A sala estava cheia quando chamaram por Michael Thomas Lynn. Estávamos a 12 de dezembro de 2007 e num tribunal de Dublin, advogados, jornalistas, banqueiros e polícias esperavam que o antigo solicitador irlandês fosse finalmente confrontado, em público, com os seus negócios imobiliários. Na altura, o nome de Lynn era manchete na Irlanda: existiam bancos a reclamar milhões de euros e dezenas de pequenos investidores a denunciar perdas em apartamentos que nunca chegaram a receber.

Mas Michael Lynn não estava lá.

O efeito foi imediato. Os seus advogados pediram para deixar de o representar. O juiz ordenou que fosse detido e levado ao tribunal nessa mesma tarde. Só que já era tarde demais. Michael Thomas Lynn tinha deixado a Irlanda e só voltaria a responder perante a justiça irlandesa mais de dez anos depois, após ser encontrado no Brasil, detido e extraditado.

O escândalo que ficou para trás ajudou a transformar Lynn numa das figuras mais notórias da derrocada do Celtic Tiger, o nome dado aos anos de crédito fácil, construção acelerada e euforia imobiliária que antecederam a crise financeira de 2008. O antigo solicitador viria a ser condenado em 2024 a cinco anos e meio de prisão por burlar seis instituições financeiras em 18,1 milhões de euros.

No centro desse processo estava um esquema de fraude hipotecária que explorava as fragilidades do mercado imobiliário irlandês durante os anos do Celtic Tiger.

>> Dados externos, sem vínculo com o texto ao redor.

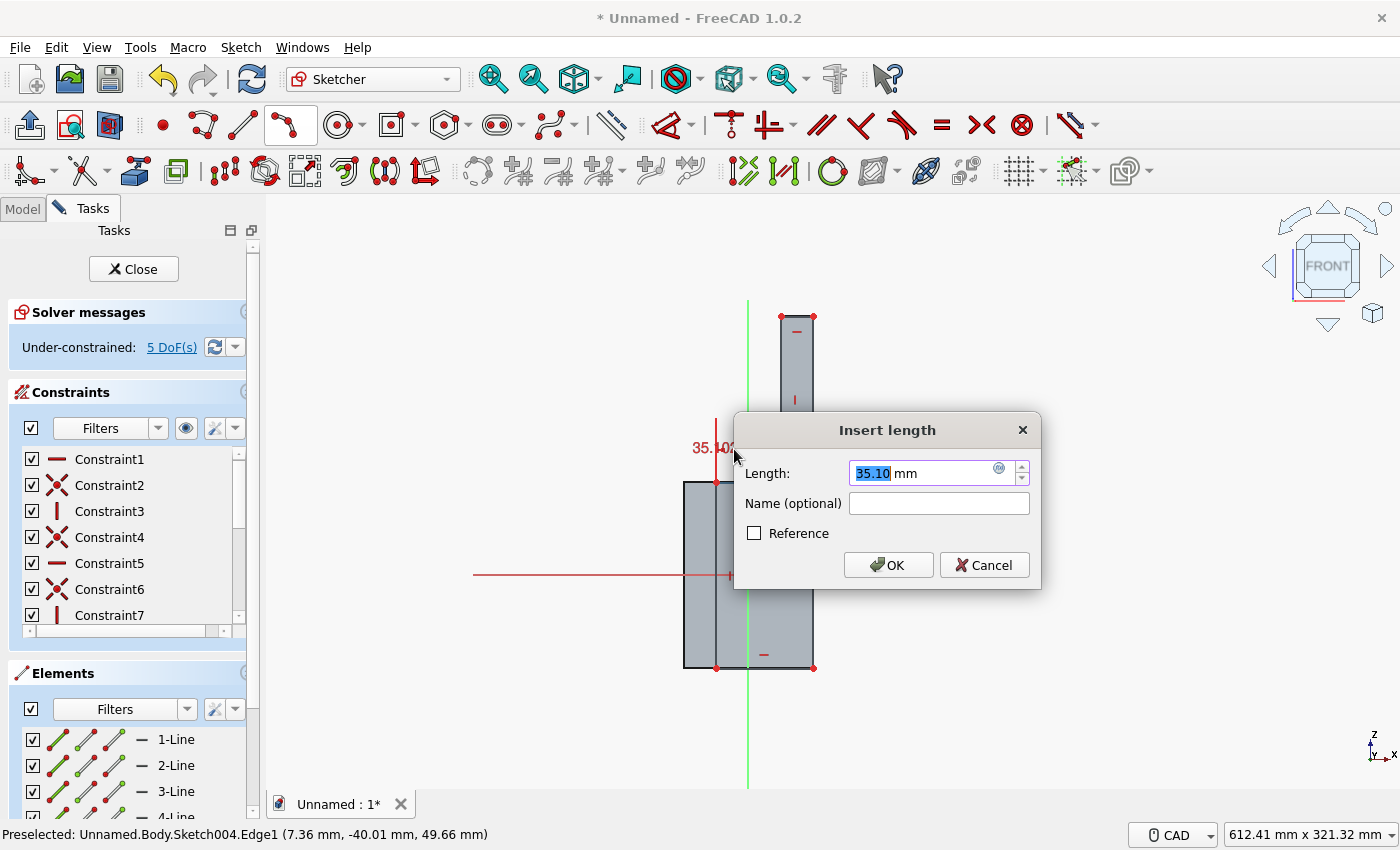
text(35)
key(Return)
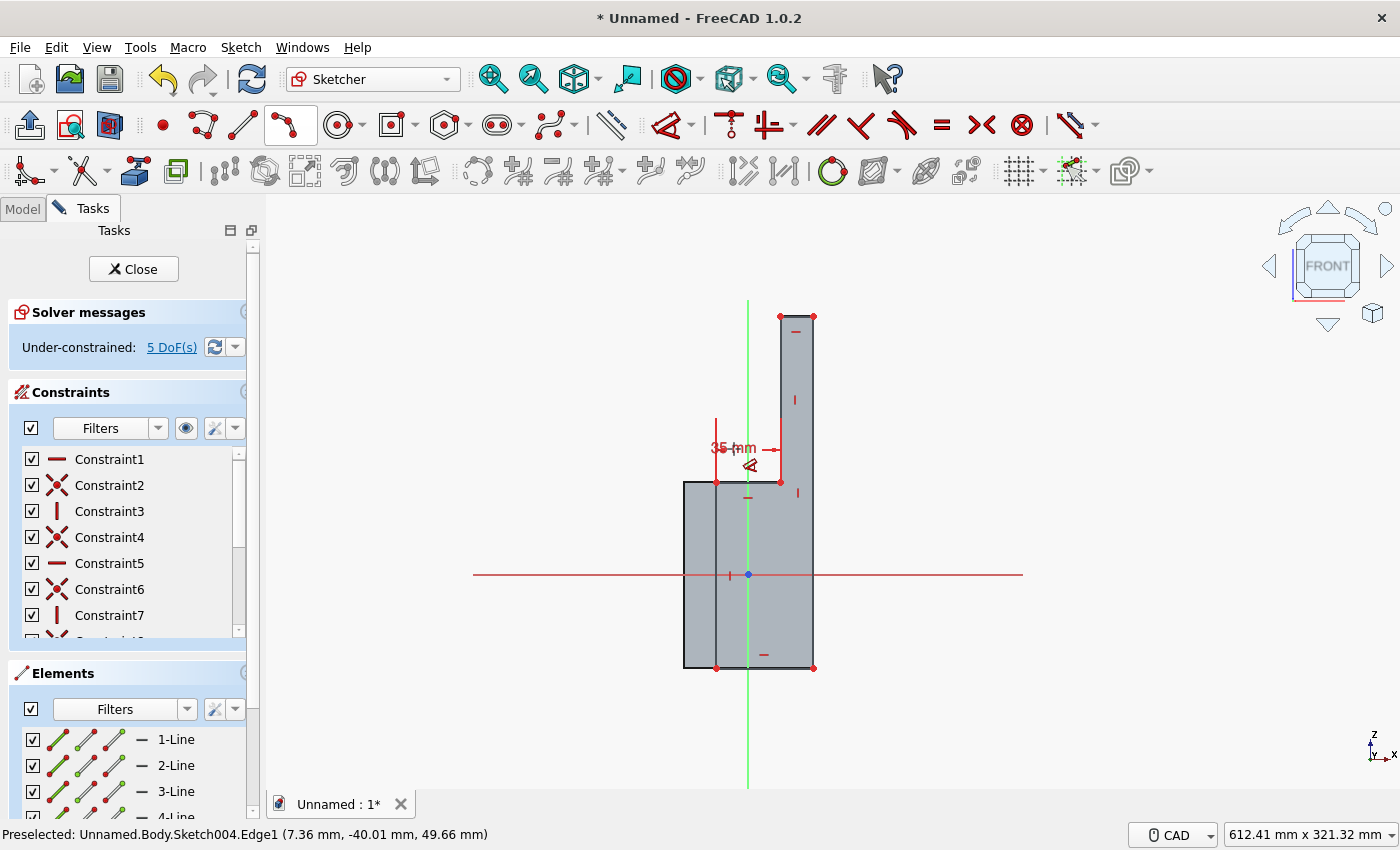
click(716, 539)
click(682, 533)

Aproveitando a sua reputação como advogado e promotor imobiliário, Michael Lynn obtinha empréstimos junto de diferentes bancos para comprar propriedades, sem que cada instituição soubesse que outras também estavam a financiar os mesmos imóveis. Para convencer os bancos de que os empréstimos estavam protegidos, apresentava documentação que, segundo a acusação, continha informações falsas ou assinaturas falsificadas. Desta forma, conseguiu criar a imagem de um investidor imobiliário de enorme sucesso e obter cerca de 27 milhões de euros junto de sete instituições financeiras entre 2006 e 2007.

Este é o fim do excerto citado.